** EXERCISE GOAL **
When you reproduce the listing, keep every word as it is and drop the pictures.
====== SOURCE MATERIAL
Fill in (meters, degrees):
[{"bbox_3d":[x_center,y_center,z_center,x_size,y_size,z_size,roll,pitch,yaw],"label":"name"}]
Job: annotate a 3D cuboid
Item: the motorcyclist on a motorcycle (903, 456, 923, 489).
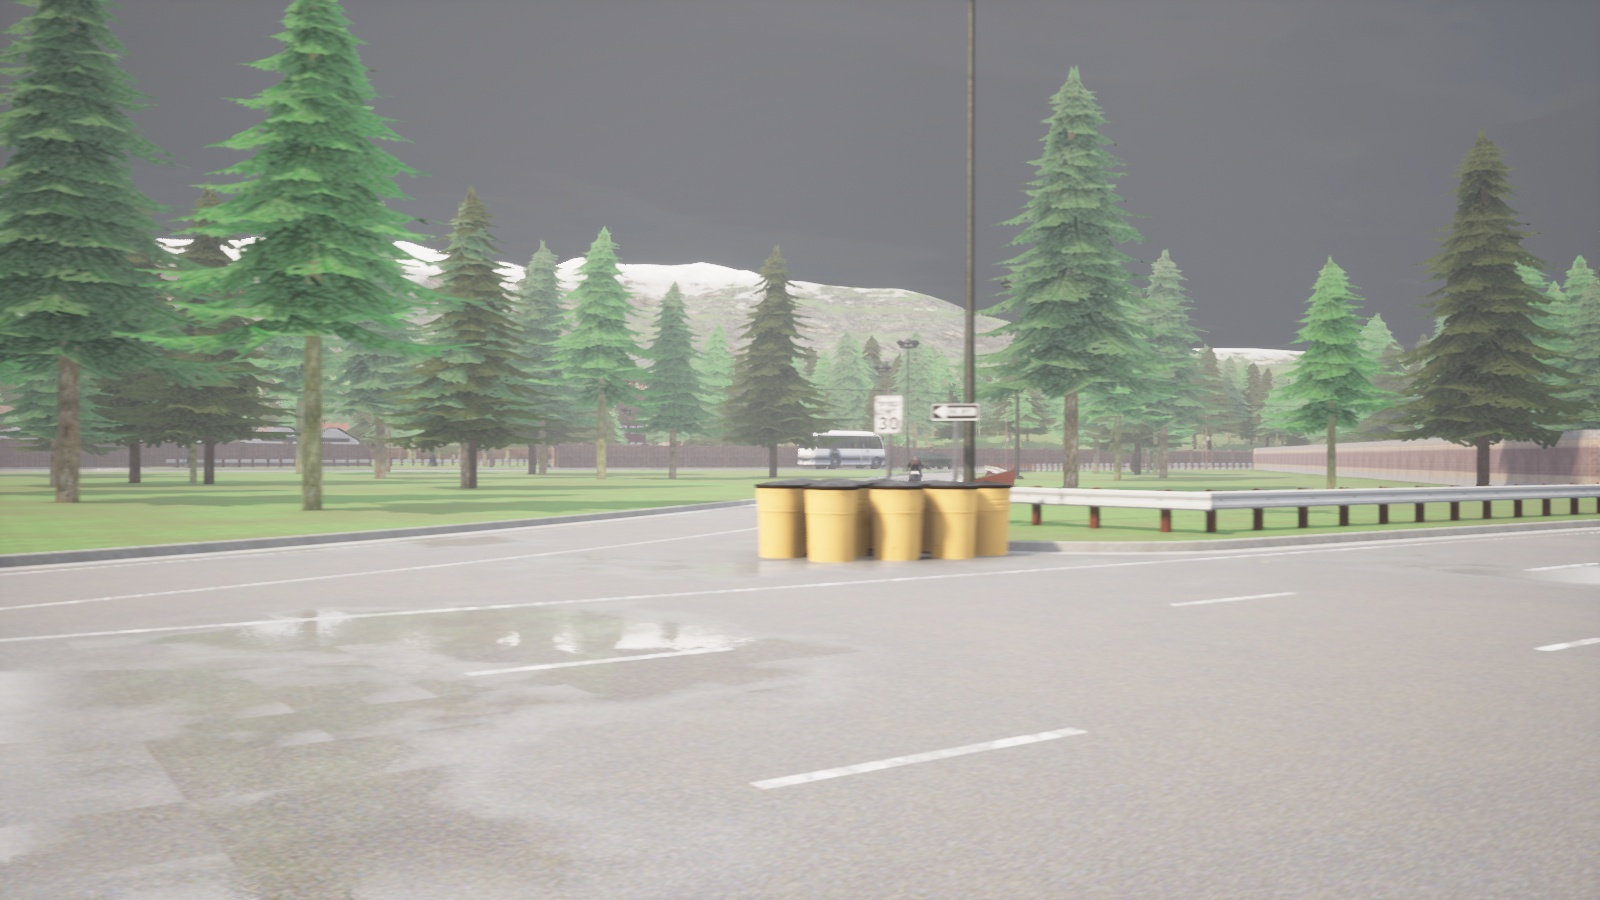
============
** SOLUTION TO THIS TASK **
Fill in (meters, degrees):
[{"bbox_3d":[x_center,y_center,z_center,x_size,y_size,z_size,roll,pitch,yaw],"label":"name"}]
Job: annotate a 3D cuboid
Item: the motorcyclist on a motorcycle (903, 456, 923, 489).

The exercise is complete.